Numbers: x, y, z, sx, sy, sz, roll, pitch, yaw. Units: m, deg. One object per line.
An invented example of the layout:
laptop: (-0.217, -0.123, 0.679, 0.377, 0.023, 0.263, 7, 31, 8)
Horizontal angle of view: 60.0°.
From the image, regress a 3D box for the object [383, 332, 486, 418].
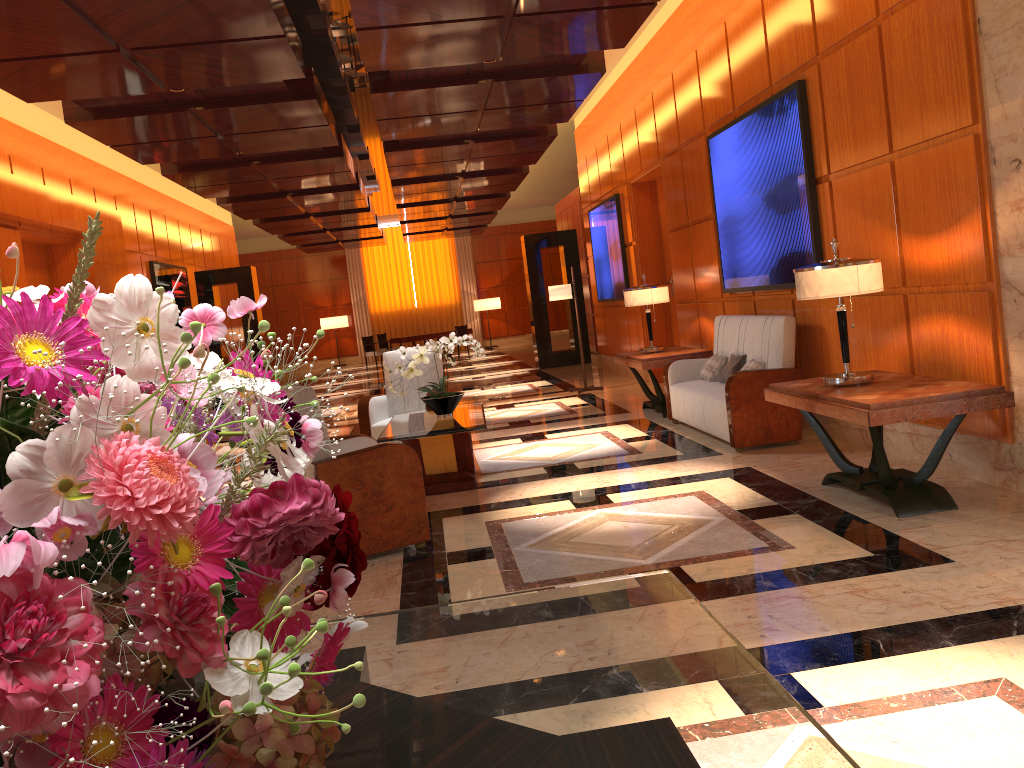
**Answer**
object: (-0.553, -0.063, 6.623, 0.790, 0.616, 0.417, -9, 4, -28)

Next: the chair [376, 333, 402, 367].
chair: (-3.326, -0.952, 24.071, 0.575, 0.892, 0.586, -5, 4, 23)

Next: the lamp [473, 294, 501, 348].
lamp: (-0.695, -1.929, 27.115, 0.809, 1.657, 0.814, -5, 4, 34)

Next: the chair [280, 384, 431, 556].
chair: (-0.925, 0.445, 4.984, 0.630, 0.959, 0.738, -9, 4, -26)

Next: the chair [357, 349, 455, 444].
chair: (-0.936, 0.176, 7.978, 0.737, 0.959, 0.630, -6, 4, 13)

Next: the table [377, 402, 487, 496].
table: (-0.531, 0.504, 6.527, 0.722, 0.495, 1.564, -7, 5, -2)

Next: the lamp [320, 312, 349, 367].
lamp: (-5.282, -1.339, 26.664, 0.809, 1.657, 0.814, -5, 4, 34)

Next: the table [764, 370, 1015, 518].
table: (1.974, 0.305, 4.774, 0.726, 0.605, 1.273, -7, 5, -5)

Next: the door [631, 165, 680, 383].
door: (1.951, -1.274, 10.860, 0.341, 2.646, 1.540, -7, 3, -5)

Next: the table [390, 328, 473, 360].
table: (-2.056, -0.957, 23.141, 2.113, 0.740, 0.783, -10, 5, -34)

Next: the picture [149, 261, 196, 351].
picture: (-5.584, -1.255, 14.684, 0.056, 1.449, 2.001, -7, 4, -5)

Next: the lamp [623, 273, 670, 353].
lamp: (1.381, -0.728, 8.995, 0.460, 0.792, 0.458, -10, 5, -43)

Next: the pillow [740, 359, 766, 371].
pillow: (1.836, -0.065, 6.847, 0.202, 0.229, 0.274, -7, 4, -3)

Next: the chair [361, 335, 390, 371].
chair: (-3.519, -0.816, 22.830, 0.575, 0.892, 0.586, -5, 4, 33)

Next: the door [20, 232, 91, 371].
door: (-5.300, -0.340, 10.128, 0.341, 2.646, 1.502, -7, 3, -5)

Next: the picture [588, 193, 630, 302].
picture: (1.410, -1.945, 13.058, 0.056, 1.449, 2.001, -7, 4, -5)

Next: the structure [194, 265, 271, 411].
structure: (-5.019, -0.831, 16.036, 0.986, 2.493, 0.501, -7, 3, -6)

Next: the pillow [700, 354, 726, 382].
pillow: (1.752, -0.140, 7.724, 0.195, 0.226, 0.345, -7, 4, 0)

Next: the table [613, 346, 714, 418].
table: (1.541, -0.023, 8.971, 0.726, 0.605, 1.273, -7, 5, -5)

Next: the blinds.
blinds: (-3.054, -2.897, 27.471, 3.854, 4.056, 0.149, -7, 3, -6)

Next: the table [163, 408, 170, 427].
table: (-4.213, 0.623, 9.820, 0.725, 0.533, 1.170, -7, 5, -2)

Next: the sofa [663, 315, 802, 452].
sofa: (1.762, -0.070, 7.270, 0.613, 0.930, 1.803, -7, 5, -5)

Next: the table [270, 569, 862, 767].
table: (-0.372, 0.874, 0.789, 1.601, 0.743, 1.604, -7, 5, -5)

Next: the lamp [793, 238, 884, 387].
lamp: (1.808, -0.397, 4.866, 0.458, 0.808, 0.460, -7, 3, 4)

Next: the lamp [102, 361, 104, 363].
lamp: (0.276, -0.144, 5.283, 12.983, 0.733, 0.336, -2, 6, 44)

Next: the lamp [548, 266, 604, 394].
lamp: (0.807, -0.712, 11.676, 0.527, 1.657, 0.360, -8, 3, -15)

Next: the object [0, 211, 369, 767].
object: (-0.459, 0.177, 0.772, 0.650, 0.657, 0.681, -8, 4, -14)

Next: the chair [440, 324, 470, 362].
chair: (-1.386, -1.031, 22.378, 0.575, 0.892, 0.586, -4, 4, 38)

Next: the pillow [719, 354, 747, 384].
pillow: (1.823, -0.118, 7.294, 0.160, 0.252, 0.358, -7, 4, -9)

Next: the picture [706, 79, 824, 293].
picture: (2.011, -1.489, 7.232, 0.056, 1.449, 2.001, -7, 4, -5)
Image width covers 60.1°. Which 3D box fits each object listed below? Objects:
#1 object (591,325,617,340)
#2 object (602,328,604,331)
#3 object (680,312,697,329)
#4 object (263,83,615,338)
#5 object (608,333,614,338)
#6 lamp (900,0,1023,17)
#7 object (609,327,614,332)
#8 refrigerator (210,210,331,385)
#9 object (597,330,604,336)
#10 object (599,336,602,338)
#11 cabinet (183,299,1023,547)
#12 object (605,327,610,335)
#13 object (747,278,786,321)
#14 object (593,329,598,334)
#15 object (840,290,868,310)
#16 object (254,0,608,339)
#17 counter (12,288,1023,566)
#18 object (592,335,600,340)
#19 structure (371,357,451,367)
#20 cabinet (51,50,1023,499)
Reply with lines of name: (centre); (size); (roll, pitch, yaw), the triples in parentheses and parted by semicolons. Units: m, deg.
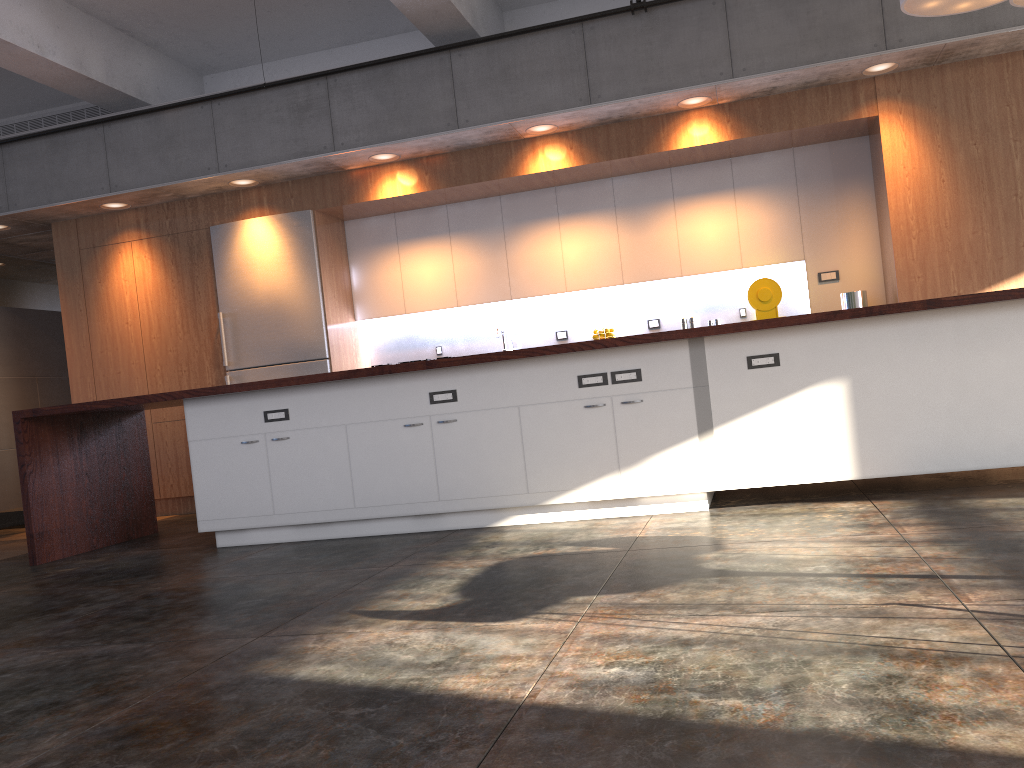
object: (-4.812, 0.783, 10.267); (12.990, 1.215, 0.963); (-7, 0, 24)
object: (-4.185, -0.949, 7.894); (9.856, 2.165, 0.059); (-6, 1, 7)
object: (1.461, -0.493, 7.327); (0.143, 0.210, 0.060); (-6, 1, 14)
object: (0.816, -0.396, 7.296); (0.061, 0.053, 0.052); (-6, 0, 21)
object: (-4.412, -0.872, 9.881); (11.622, 2.211, 0.063); (-7, 0, 27)
lamp: (2.747, -2.249, 4.809); (1.098, 0.130, 0.990); (-6, -1, -30)
object: (0.813, -0.441, 7.275); (0.053, 0.051, 0.063); (-6, 0, 7)
refrigerator: (-1.992, -0.306, 7.530); (0.949, 2.191, 0.221); (-6, 1, 10)
object: (-2.750, -1.095, 7.526); (6.846, 2.169, 0.053); (-6, 1, 5)
object: (-2.157, -1.160, 7.418); (5.628, 2.191, 0.056); (-6, 1, 2)
cabinet: (0.901, 0.244, 5.111); (5.597, 0.930, 0.930); (-6, 0, 13)
object: (0.774, -0.433, 7.238); (0.051, 0.060, 0.058); (-6, 0, 37)
object: (1.988, -0.636, 6.927); (0.272, 0.381, 0.100); (-6, 1, 13)
object: (0.701, -0.429, 7.347); (0.060, 0.060, 0.049); (-6, 0, -41)
object: (2.573, -0.604, 6.655); (0.194, 0.170, 0.187); (-6, 0, -27)
object: (0.764, -0.394, 7.271); (0.052, 0.053, 0.062); (-6, 0, -38)
counter: (0.314, 0.281, 5.260); (6.595, 0.971, 1.152); (-6, 0, 13)
object: (-0.587, -1.339, 7.018); (2.431, 2.229, 0.053); (-6, 1, -11)
structure: (-0.578, -0.108, 5.671); (0.634, 0.072, 0.516); (-6, -1, 14)
cabinet: (0.199, -0.635, 8.190); (8.033, 2.563, 2.400); (-6, 0, 13)
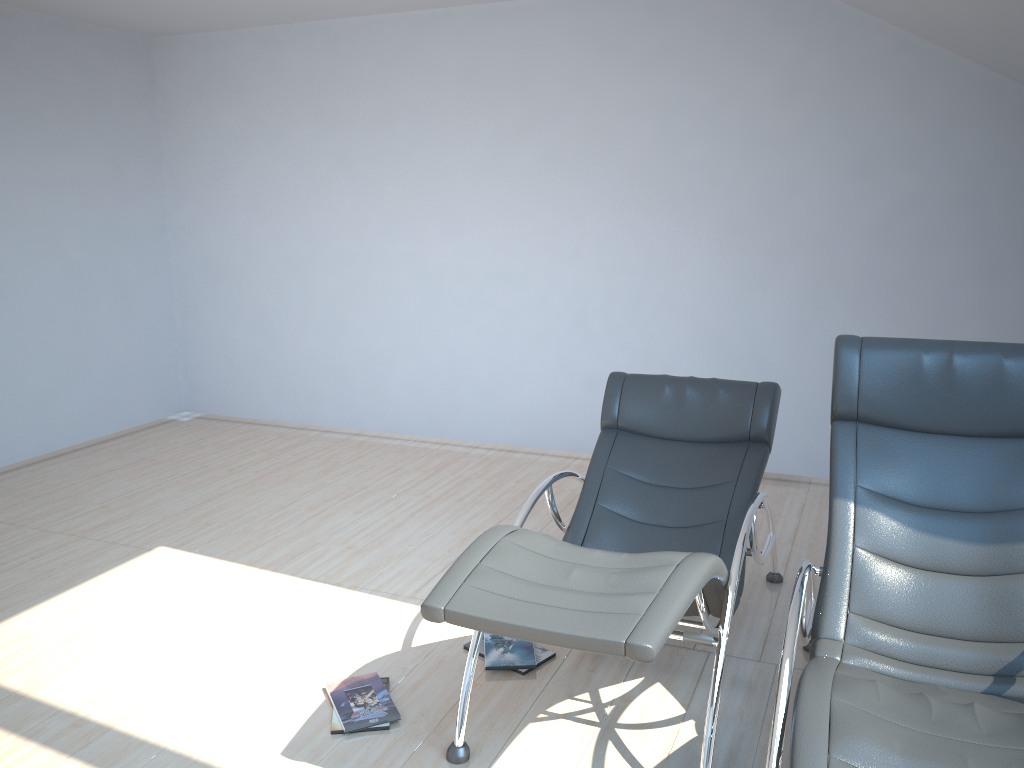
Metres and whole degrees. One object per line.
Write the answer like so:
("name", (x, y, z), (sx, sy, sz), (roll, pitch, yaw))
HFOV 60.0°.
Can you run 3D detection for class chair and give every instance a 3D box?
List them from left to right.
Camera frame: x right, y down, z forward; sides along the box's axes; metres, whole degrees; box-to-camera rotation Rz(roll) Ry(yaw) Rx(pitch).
("chair", (0.450, 0.597, 3.178), (0.836, 0.953, 2.114), (4, 13, 22))
("chair", (1.150, 0.616, 2.318), (0.836, 1.251, 1.938), (4, 13, 22))

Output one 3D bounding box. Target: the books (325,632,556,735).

*Task prompt*
A word-for-word copy of the lines above from the one with "Next: the pillow [719, 354, 747, 384]." through the one with "#3 object (680,312,697,329)", inclusive, is the only output wanted.

*Response to this exercise*
Next: the pillow [719, 354, 747, 384].
pillow: (1.823, -0.118, 7.294, 0.160, 0.252, 0.358, -7, 4, -9)

Next: the picture [706, 79, 824, 293].
picture: (2.011, -1.489, 7.232, 0.056, 1.449, 2.001, -7, 4, -5)
Image width covers 60.1°. Which 3D box fits each object listed below? Objects:
#1 object (591,325,617,340)
#2 object (602,328,604,331)
#3 object (680,312,697,329)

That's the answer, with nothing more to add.